Now this is what had been happening to Tom Kitten, and it shows how very unwise it is to go up a chimney in a very old house, where a person does not know his way, and where there are enormous rats.

Tom Kitten did not want to be shut up in a cupboard. When he saw that his mother was going to bake, he determined to hide.

He looked about for a nice convenient place, and he fixed upon the chimney.

The fire had only just been lighted, and it was not hot; but there was a white choky smoke from the green sticks. Tom Kitten got upon the fender and looked up. It was a big old-fashioned fire-place.

The chimney itself was wide enough inside for a man to stand up and walk about. So there was plenty of room for a little Tom Cat.

He jumped right up into the fire-place, balancing himself upon the iron bar where the kettle hangs.

Tom Kitten took another big jump off the bar, and landed on a ledge high up inside the chimney, knocking down some soot into the fender.

Tom Kitten coughed and choked with the smoke; and he could hear the sticks beginning to crackle and burn in the fire-place down below. He made up his mind to climb right to the top, and get out on the slates, and try to catch sparrows.

“I cannot go back. If I slipped I might fall in the fire and singe my beautiful tail and my little blue jacket.”

The chimney was a very big old-fashioned one. It was built in the days when people burnt logs of wood upon the hearth.

The chimney stack stood up above the roof like a little stone tower, and the daylight shone down from the top, under the slanting slates that kept out the rain.

Tom Kitten was getting very frightened!
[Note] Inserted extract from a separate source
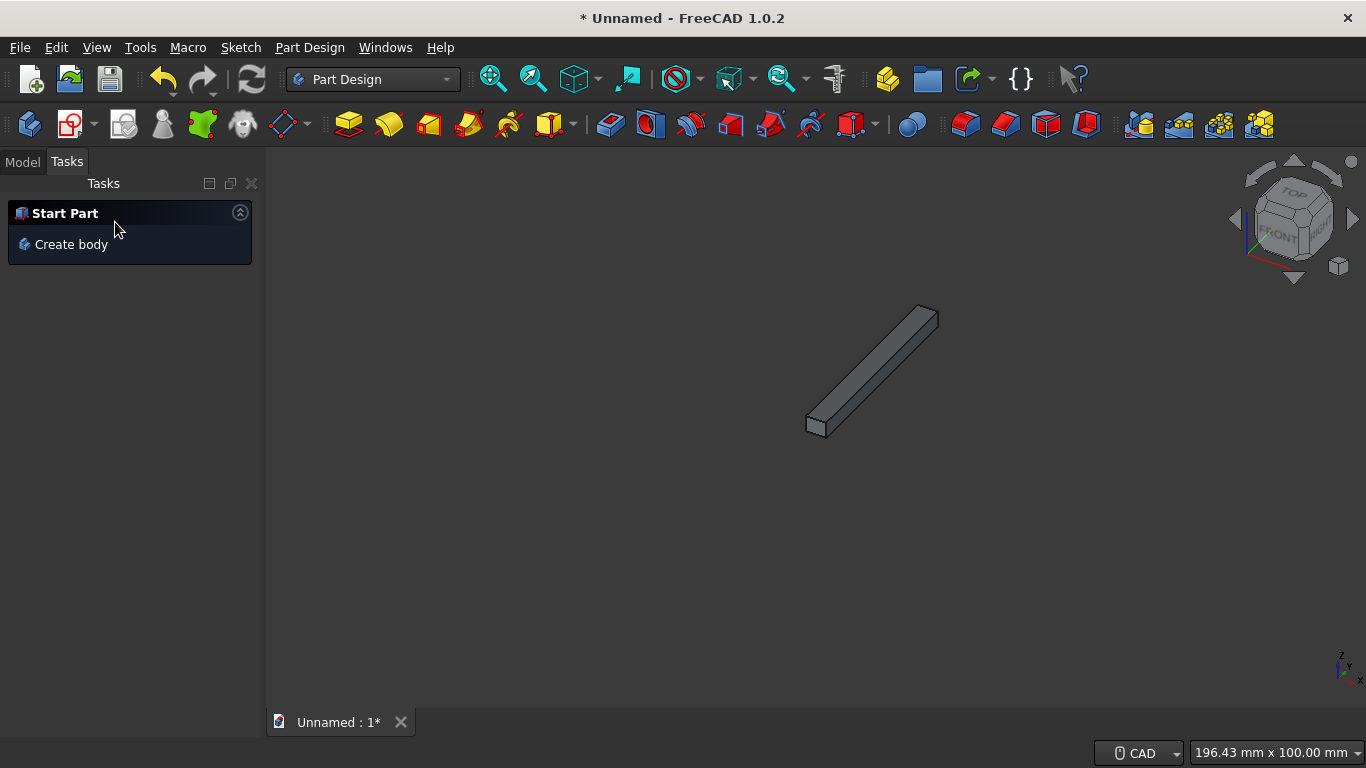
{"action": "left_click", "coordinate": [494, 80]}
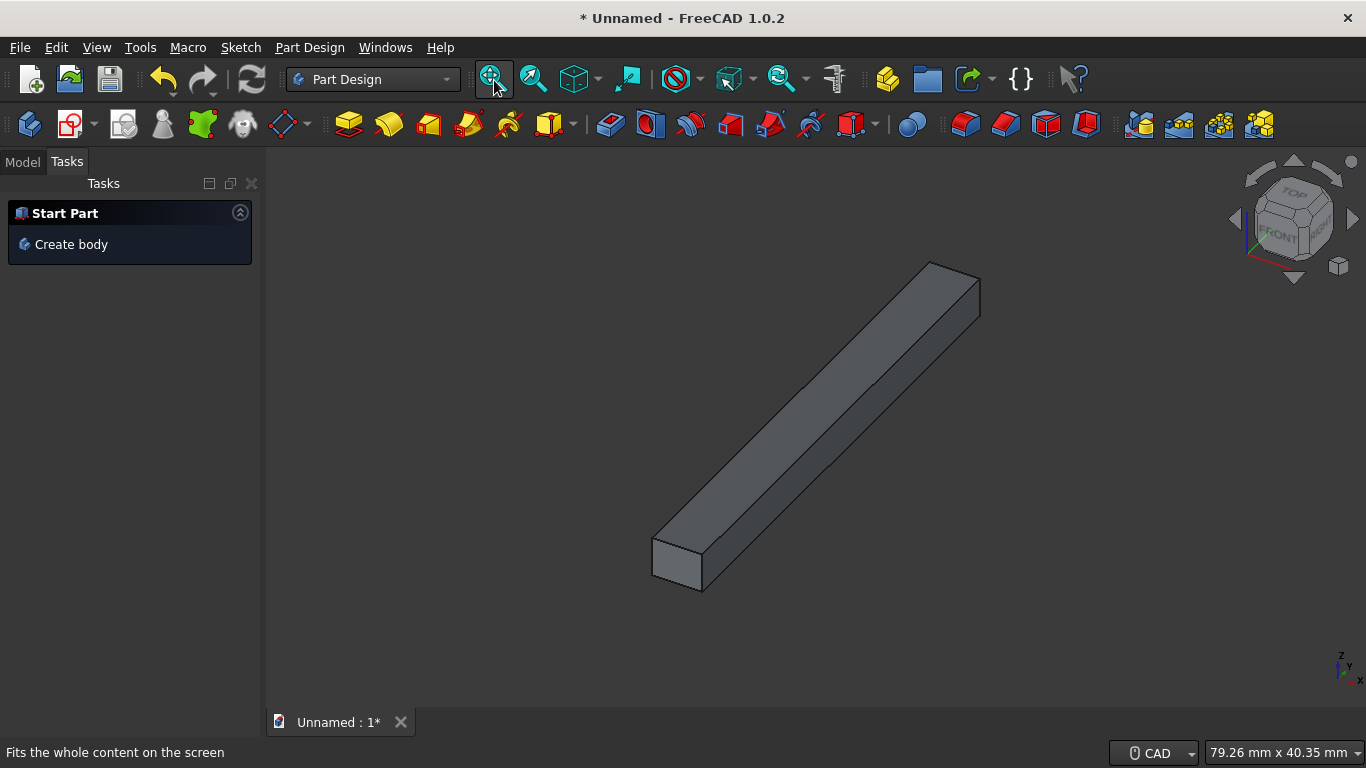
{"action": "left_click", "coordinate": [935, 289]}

He climbed up, and up, and up.

Then he waded sideways through inches of soot. He was like a little sweep himself.

It was most confusing in the dark. One flue seemed to lead into another.

There was less smoke, but Tom Kitten felt quite lost.

He scrambled up and up; but before he reached the chimney top he came to a place where somebody had loosened a stone in the wall. There were some mutton bones lying about —

“This seems funny,” said Tom Kitten. “Who has been gnawing bones up here in the chimney? I wish I had never come! And what a funny smell? It is something like mouse; only dreadfully strong. It makes me sneeze,” said Tom Kitten.